I am trying to understand an example for computing derivatives using matrix calculus in the context of the back-propagation algorithm used in deep learning. If I have a real-valued $K \times K$ matrix $A$, and a vector $x$ of dimension $K$, then let $w = Ax$ and $L = ||w||^2$, and consider $L$ a function of $A$ and $x$.
Then the multi-variate chain rule says that $$\frac{ \partial L }{\partial A} = \frac{ \partial L }{\partial w} \frac { \partial w }{\partial A}$$
Now I am trying to figure out what the shape of the matrices in this equation should be. I know $$\frac{\partial L} {\partial w} = [2 w_1, \ldots, 2 w_K]$$ i.e a tensor of shape $(1, K)$.
Then the shape of $\frac{\partial w} {\partial A}$ is confusing me. Since $w$ is a $K$ dimensional vector and $A$ is of size $K \times K$, it seems that if you flatten $A$ to a vector (in either row major or column major order), and index its entries from $A_i$ as $1 \leq i \leq K^2$, you could treat $\frac{\partial w} {\partial A}$ as a matrix of size $K \times K^2 $, but I feel this is not the convention. What is the shape of $\frac{\partial w} {\partial A}$ ?

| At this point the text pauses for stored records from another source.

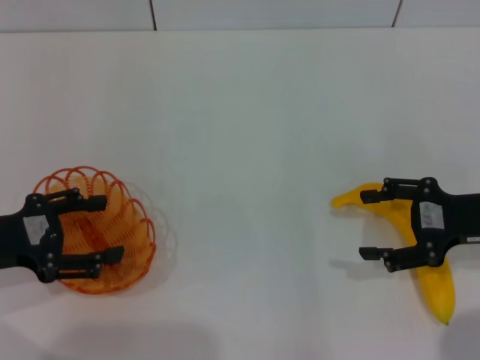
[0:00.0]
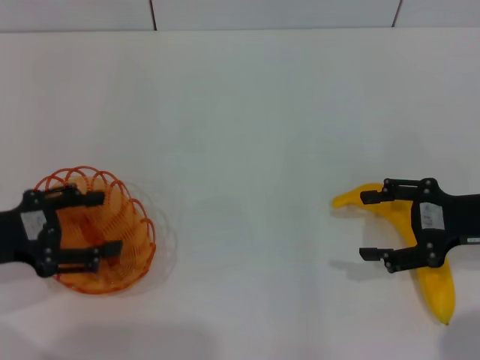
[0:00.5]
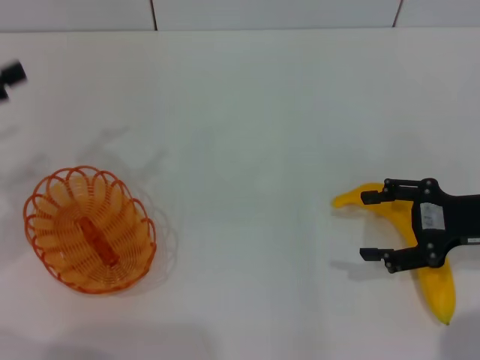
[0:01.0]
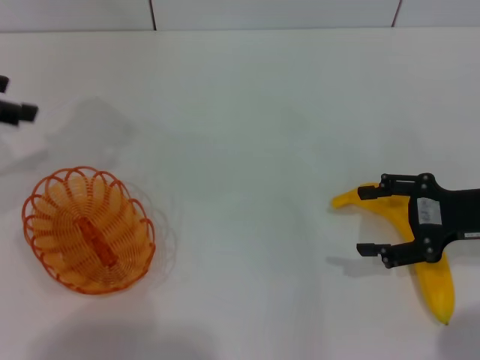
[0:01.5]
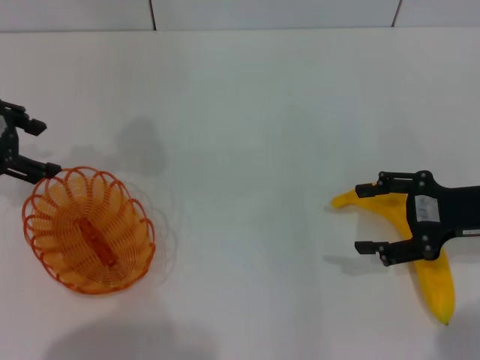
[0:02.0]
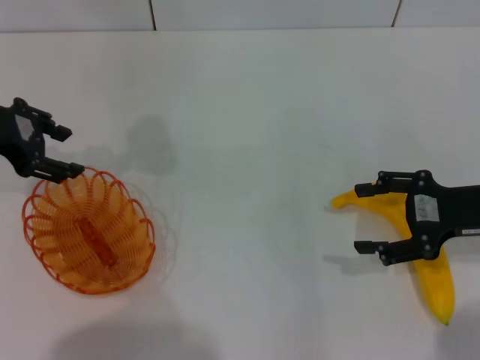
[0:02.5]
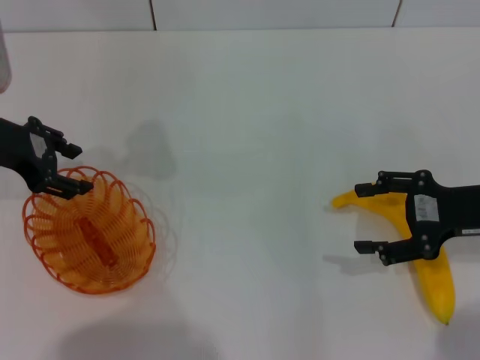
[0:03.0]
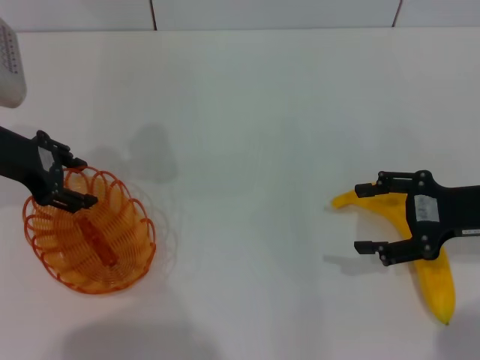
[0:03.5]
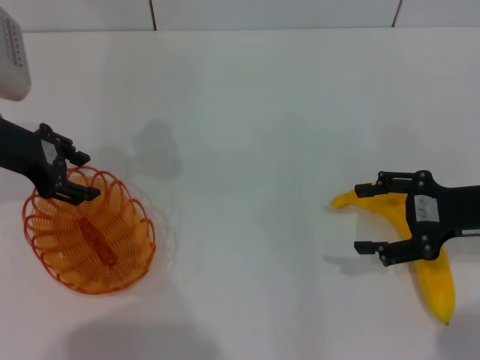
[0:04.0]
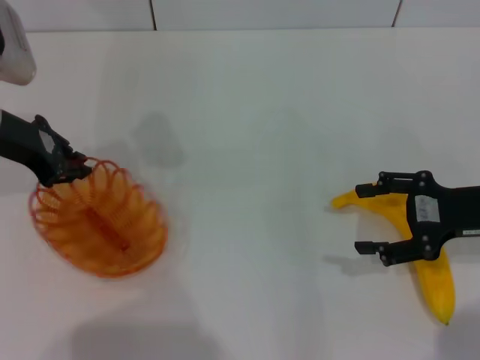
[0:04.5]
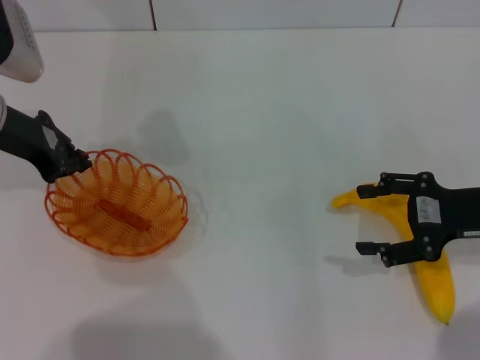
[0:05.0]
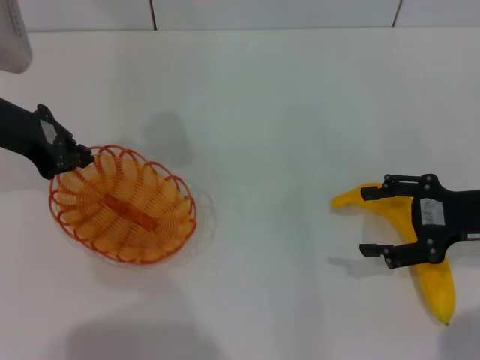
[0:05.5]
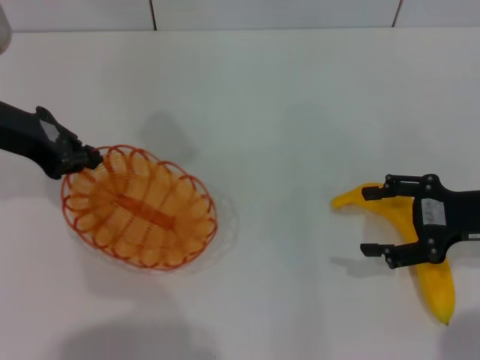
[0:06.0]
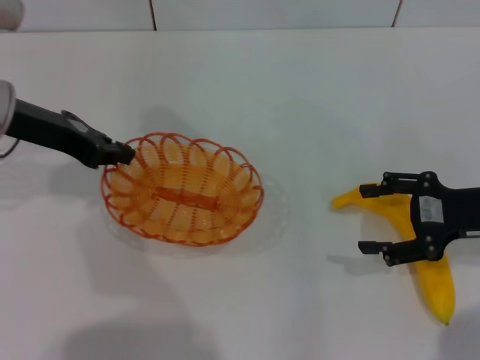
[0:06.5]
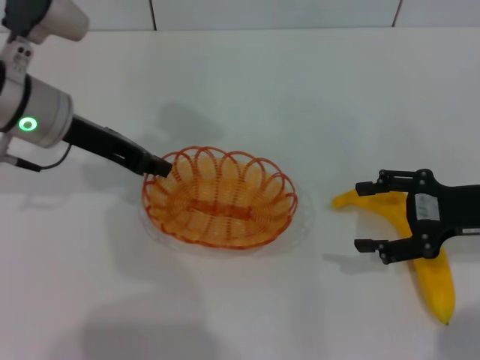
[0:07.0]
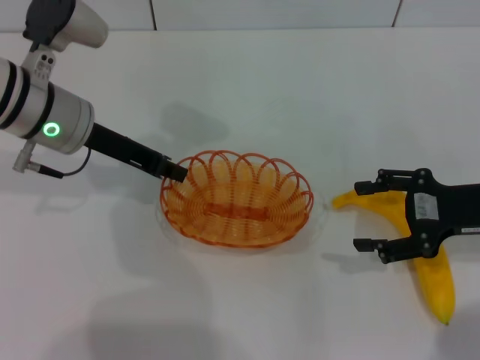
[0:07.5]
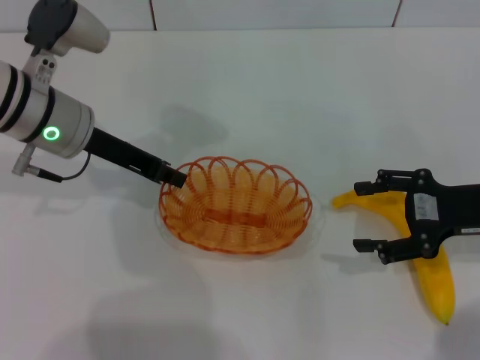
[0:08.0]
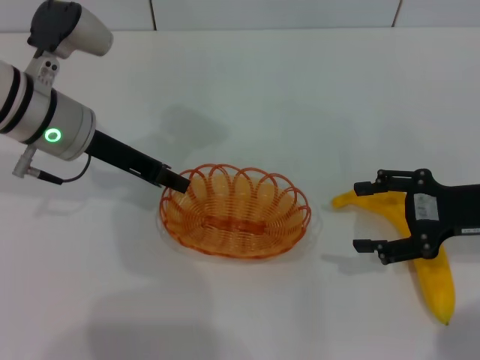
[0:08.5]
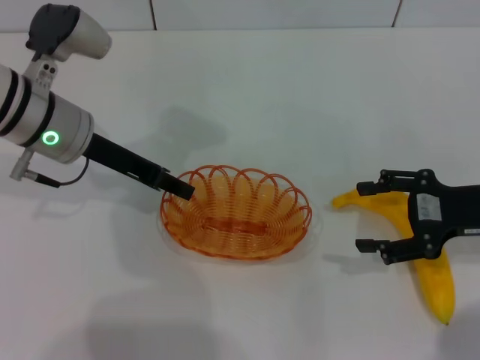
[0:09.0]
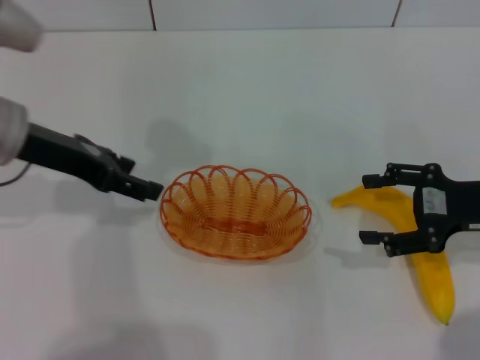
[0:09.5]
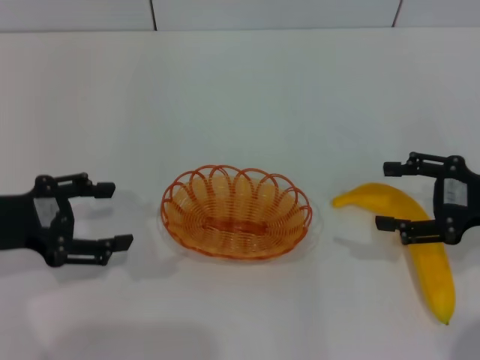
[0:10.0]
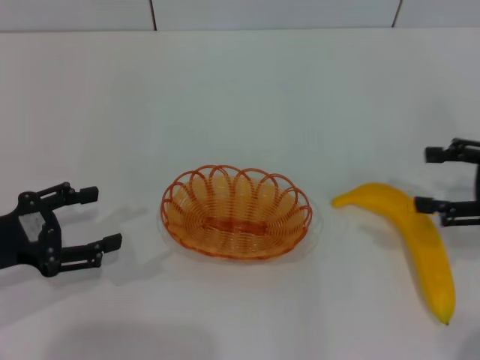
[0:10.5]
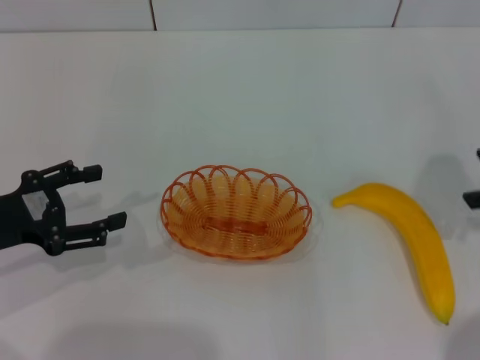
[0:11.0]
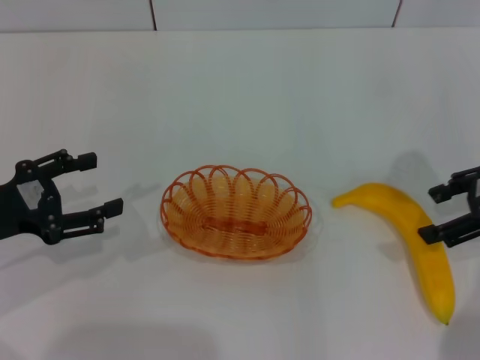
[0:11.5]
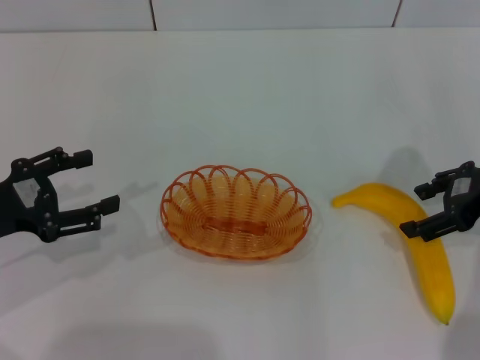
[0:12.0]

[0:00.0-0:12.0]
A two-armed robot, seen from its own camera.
Step, 0:00.0 to 0:06.0: Pick up the basket with the left gripper.
Step, 0:06.5 to 0:10.5: Place the basket in the center of view with the left gripper.
0:00.0 to 0:02.0: The left gripper shifts approximately 15 cm forward and upward.
0:02.0 to 0:04.0: The left gripper changes place by some 5 cm.
0:04.0 to 0:06.0: The left gripper closes.
0:06.0 to 0:08.0: The left gripper is displaced to the right by approximately 5 cm.
0:08.0 to 0:10.0: The left gripper heads backward and to the left, covering approximately 15 cm, and opens its fingers.

Also $L$ is a scalar-valued function, so I think $\frac{\partial L} {\partial A}$ should be a vector of size $K^2$, or a matrix of size $K \times K$, but I am not sure about this either. Any insights appreciated.

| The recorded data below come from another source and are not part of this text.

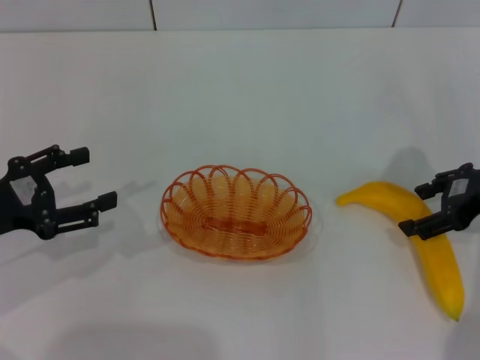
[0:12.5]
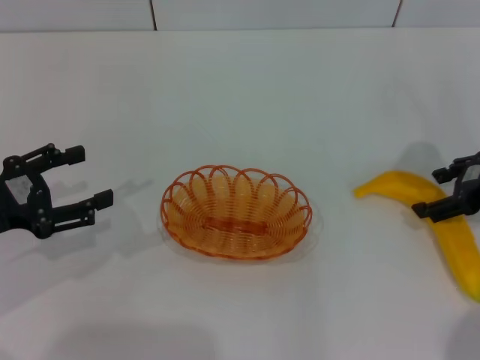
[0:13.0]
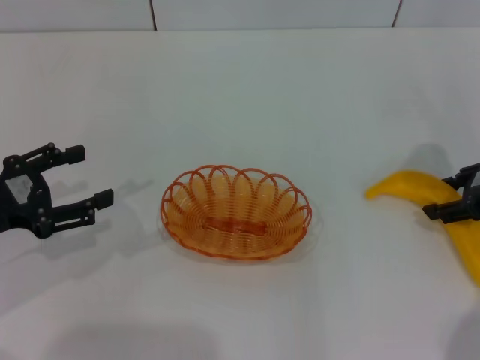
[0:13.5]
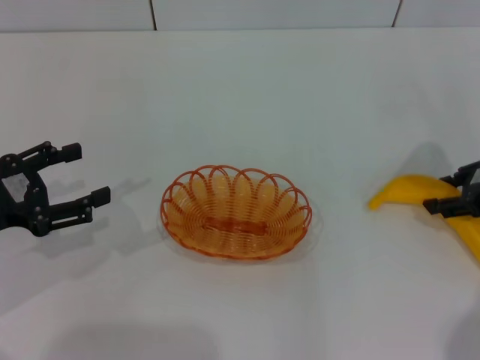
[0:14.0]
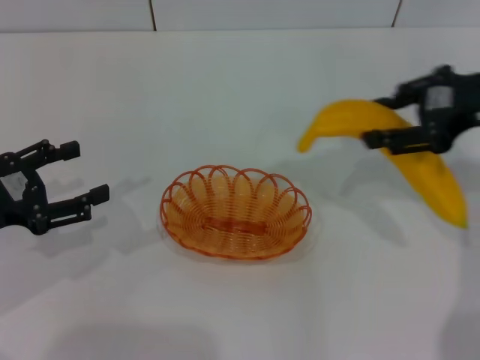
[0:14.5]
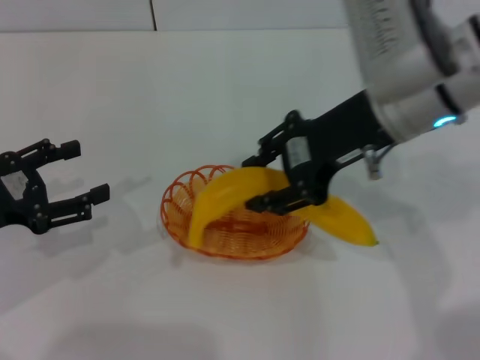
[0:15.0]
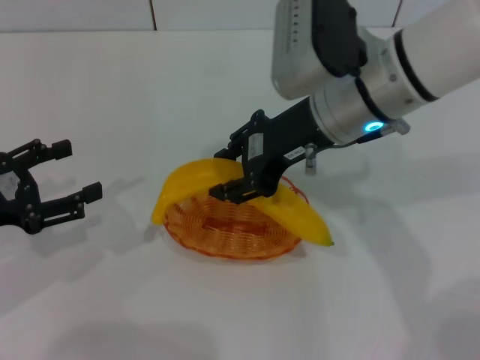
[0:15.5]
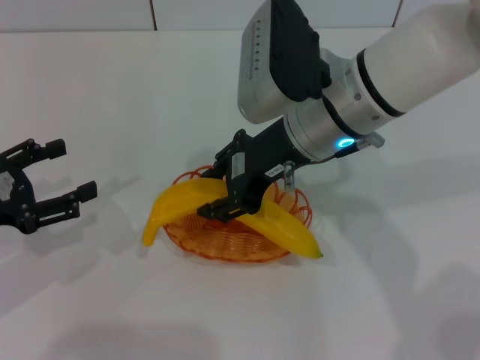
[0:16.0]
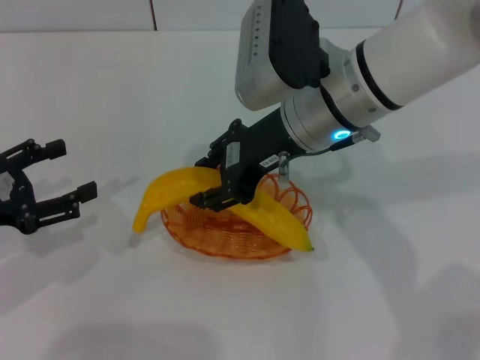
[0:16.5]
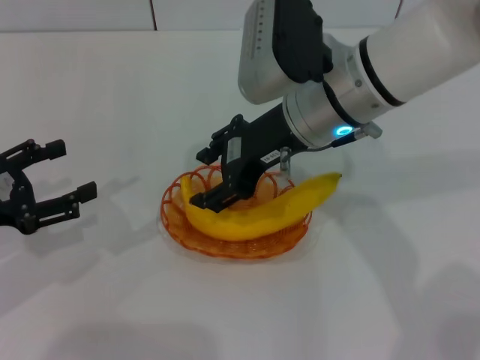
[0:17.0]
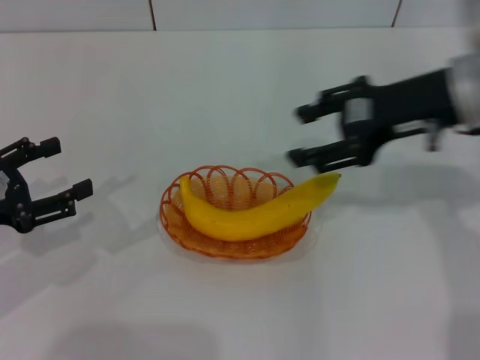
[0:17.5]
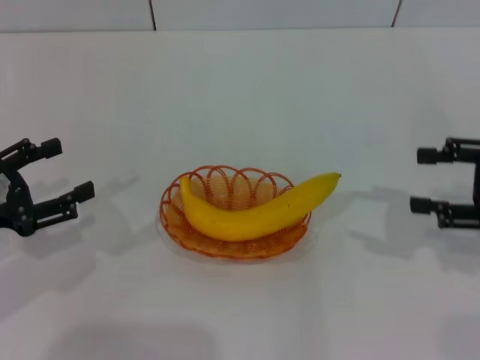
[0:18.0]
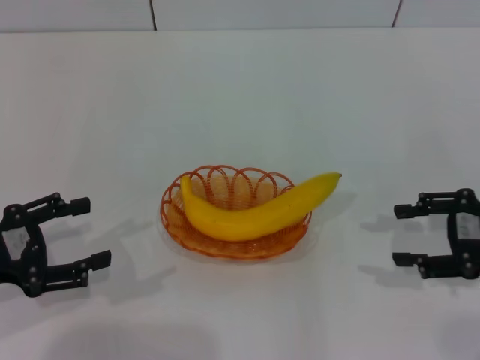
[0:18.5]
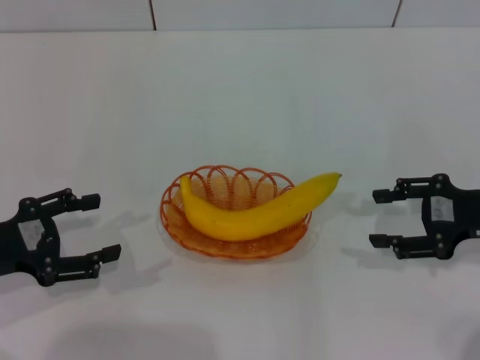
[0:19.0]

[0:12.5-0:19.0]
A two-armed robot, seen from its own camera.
Step, 0:14.5 to 0:17.0: Place the banana into the basket with the right gripper.
0:12.5 to 0:14.5: The right gripper is displaced upward by some 10 cm, and closes its fingers.
0:14.5 to 0:17.0: The right gripper heads to the left, covering some 20 cm, and opens.
0:17.0 to 0:19.0: The right gripper moves to the right, some 25 cm.

The trace/Frobenius product is $$\eqalign{ A:B &= \sum_{i=1}^m\sum_{j=1}^n A_{ij}B_{ij} \;=\; {\rm Tr}(A^TB) \\ A:A &= \big\|A\big\|_F^2 \;=\; {\rm Tr}(A^TA) \\ }$$ Write the cost function using this notation. Then calculate its differential and gradient. $$\eqalign{ L &= \|w\|^2 = w:w \\ dL &= 2w:dw \;=\; 2w:(dA\,x) \;=\; 2wx^T:dA \\ \frac{ \partial L }{\partial A} &= 2wx^T \;=\; 2Axx^T \\ }$$ The differential approach obviates the need to calculate higher-order tensors, such as matrix-by-vector, vector-by-matrix, or matrix-by-matrix gradients.
It also avoids common pitfalls involving transposed matrices or vectors.